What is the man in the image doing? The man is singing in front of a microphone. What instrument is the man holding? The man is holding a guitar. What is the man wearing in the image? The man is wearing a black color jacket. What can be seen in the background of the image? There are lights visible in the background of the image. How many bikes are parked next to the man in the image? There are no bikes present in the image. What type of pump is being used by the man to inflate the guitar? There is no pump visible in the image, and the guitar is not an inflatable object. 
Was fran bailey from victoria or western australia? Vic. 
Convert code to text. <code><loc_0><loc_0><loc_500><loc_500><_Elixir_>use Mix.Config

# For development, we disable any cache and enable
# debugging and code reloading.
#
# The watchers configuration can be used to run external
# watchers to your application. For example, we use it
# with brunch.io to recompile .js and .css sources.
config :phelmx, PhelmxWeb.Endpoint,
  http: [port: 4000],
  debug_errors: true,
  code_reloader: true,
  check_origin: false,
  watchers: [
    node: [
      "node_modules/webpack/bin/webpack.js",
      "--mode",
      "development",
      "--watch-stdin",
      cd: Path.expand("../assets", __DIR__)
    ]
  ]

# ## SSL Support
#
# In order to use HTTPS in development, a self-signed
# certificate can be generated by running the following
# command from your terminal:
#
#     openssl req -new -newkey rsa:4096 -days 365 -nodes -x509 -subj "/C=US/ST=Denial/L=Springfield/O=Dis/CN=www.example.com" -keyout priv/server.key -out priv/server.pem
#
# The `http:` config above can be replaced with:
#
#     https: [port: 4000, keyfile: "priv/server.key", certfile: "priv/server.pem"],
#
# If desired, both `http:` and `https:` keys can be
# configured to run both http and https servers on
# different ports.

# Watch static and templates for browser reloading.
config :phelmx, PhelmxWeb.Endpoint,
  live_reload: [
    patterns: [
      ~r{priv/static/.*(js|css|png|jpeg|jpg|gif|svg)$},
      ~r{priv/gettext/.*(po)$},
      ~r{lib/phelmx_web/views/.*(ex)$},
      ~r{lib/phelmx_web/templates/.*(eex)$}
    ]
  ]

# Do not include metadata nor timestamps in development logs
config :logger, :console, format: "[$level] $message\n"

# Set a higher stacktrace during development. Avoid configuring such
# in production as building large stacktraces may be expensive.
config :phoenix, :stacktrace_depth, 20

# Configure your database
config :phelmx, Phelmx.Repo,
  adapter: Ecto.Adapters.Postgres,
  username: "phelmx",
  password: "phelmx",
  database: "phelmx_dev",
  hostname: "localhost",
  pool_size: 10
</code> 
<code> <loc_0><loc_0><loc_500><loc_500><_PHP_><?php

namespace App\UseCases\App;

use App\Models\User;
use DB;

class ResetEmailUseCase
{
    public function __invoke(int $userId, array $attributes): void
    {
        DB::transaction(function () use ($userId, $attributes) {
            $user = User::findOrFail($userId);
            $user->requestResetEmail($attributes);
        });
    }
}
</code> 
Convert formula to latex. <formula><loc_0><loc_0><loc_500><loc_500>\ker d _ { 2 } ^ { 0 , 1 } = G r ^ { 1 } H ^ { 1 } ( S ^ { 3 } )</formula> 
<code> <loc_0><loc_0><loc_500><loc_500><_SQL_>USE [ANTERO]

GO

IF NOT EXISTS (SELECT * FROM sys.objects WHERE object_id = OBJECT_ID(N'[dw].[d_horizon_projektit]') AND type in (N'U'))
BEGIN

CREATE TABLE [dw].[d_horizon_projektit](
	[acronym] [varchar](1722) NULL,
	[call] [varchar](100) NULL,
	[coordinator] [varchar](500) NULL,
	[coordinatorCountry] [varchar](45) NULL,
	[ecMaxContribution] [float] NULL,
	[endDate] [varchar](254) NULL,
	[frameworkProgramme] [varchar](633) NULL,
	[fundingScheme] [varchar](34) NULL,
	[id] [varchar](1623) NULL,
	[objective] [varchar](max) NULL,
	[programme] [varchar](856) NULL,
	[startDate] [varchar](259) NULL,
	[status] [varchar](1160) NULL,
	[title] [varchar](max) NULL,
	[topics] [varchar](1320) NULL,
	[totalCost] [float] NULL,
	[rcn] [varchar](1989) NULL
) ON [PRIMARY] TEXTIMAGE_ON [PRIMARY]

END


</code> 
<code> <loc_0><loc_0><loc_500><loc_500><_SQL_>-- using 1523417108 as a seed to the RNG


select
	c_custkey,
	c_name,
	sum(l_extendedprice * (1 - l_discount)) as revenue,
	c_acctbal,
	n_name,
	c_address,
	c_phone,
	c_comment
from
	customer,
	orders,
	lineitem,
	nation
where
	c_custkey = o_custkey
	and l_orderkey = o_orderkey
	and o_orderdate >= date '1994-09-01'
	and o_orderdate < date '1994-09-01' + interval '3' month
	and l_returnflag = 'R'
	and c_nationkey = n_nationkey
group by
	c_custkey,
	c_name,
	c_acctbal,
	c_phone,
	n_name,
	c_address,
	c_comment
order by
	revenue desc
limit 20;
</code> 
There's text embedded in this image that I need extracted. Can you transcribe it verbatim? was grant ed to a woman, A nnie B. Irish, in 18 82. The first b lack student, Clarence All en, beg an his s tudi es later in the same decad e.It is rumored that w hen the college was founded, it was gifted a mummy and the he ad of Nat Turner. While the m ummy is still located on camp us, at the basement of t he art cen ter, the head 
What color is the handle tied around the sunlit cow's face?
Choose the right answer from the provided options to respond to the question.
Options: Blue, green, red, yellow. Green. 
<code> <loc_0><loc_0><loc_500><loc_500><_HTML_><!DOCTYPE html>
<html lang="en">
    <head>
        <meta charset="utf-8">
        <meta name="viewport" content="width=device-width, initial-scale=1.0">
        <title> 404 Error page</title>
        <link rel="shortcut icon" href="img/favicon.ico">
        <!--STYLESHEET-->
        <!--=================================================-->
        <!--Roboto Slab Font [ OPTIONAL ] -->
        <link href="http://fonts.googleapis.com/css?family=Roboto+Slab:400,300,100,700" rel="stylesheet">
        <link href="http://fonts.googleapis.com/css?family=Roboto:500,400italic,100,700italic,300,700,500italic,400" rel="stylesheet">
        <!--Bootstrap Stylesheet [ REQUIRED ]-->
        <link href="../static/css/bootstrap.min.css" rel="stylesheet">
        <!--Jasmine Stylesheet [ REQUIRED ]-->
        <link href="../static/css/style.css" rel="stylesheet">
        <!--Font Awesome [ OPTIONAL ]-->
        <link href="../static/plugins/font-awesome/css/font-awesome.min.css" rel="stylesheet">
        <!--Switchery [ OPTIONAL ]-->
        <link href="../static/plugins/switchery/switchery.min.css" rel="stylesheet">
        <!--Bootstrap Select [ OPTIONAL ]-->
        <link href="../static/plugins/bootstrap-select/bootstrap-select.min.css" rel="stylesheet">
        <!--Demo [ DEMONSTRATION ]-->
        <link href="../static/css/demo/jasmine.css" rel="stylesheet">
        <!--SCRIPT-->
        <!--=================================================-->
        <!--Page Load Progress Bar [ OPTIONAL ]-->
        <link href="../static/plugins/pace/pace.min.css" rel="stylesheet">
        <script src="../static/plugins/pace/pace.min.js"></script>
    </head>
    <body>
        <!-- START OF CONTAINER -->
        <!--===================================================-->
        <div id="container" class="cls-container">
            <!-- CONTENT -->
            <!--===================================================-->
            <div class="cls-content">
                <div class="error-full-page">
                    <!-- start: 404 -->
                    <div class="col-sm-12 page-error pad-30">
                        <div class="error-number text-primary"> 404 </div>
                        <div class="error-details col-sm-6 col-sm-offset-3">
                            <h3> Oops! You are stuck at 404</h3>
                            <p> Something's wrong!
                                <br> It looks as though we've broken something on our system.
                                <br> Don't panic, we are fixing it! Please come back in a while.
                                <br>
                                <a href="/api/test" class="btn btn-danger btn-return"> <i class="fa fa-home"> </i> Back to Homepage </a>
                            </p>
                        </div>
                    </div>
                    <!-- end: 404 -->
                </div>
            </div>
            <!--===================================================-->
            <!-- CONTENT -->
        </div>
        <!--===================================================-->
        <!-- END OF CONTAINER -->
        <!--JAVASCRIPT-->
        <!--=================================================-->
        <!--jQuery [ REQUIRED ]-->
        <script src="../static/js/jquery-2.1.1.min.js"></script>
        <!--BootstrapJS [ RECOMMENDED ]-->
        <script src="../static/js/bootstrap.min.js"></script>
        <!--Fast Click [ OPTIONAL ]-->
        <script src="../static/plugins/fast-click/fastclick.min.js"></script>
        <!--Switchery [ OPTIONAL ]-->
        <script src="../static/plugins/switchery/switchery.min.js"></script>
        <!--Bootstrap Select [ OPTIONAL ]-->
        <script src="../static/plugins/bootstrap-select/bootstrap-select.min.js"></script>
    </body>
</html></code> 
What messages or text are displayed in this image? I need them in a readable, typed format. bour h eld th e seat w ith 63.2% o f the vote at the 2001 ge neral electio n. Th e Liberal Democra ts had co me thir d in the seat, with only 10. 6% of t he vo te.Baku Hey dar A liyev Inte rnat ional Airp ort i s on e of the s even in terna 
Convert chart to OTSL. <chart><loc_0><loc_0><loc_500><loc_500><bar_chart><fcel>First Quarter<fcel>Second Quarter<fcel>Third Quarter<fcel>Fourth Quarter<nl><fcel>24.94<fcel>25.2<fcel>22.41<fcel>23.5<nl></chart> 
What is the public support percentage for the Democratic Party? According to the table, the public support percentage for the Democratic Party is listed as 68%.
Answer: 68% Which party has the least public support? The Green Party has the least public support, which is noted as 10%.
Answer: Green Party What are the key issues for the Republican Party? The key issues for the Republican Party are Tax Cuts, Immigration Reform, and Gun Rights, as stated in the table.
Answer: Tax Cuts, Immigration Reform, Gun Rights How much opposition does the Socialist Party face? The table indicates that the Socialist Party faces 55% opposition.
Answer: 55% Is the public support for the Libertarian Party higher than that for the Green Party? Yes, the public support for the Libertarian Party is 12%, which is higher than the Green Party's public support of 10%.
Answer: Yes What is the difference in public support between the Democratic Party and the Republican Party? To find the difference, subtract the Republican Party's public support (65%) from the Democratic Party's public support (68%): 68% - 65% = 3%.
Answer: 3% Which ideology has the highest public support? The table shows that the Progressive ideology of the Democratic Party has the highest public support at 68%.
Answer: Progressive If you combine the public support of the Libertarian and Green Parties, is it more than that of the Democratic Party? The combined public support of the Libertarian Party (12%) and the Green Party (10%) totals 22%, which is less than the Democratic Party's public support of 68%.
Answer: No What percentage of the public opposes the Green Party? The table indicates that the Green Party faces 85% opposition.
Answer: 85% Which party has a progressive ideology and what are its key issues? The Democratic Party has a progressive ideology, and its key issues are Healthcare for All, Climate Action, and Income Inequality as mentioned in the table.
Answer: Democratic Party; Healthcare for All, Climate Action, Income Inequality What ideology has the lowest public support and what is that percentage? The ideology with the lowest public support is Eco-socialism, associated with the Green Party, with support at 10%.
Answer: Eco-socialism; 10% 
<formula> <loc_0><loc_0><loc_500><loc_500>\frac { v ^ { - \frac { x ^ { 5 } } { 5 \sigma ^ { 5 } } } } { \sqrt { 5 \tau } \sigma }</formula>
----
• [WHAT YOU WILL DO]: Every line above that includes the word "indicates" should be listed.

• [EXERCISE OUTPUT]:
Answer: Tax Cuts, Immigration Reform, Gun Rights How much opposition does the Socialist Party face? The table indicates that the Socialist Party faces 55% opposition.
Answer: No What percentage of the public opposes the Green Party? The table indicates that the Green Party faces 85% opposition.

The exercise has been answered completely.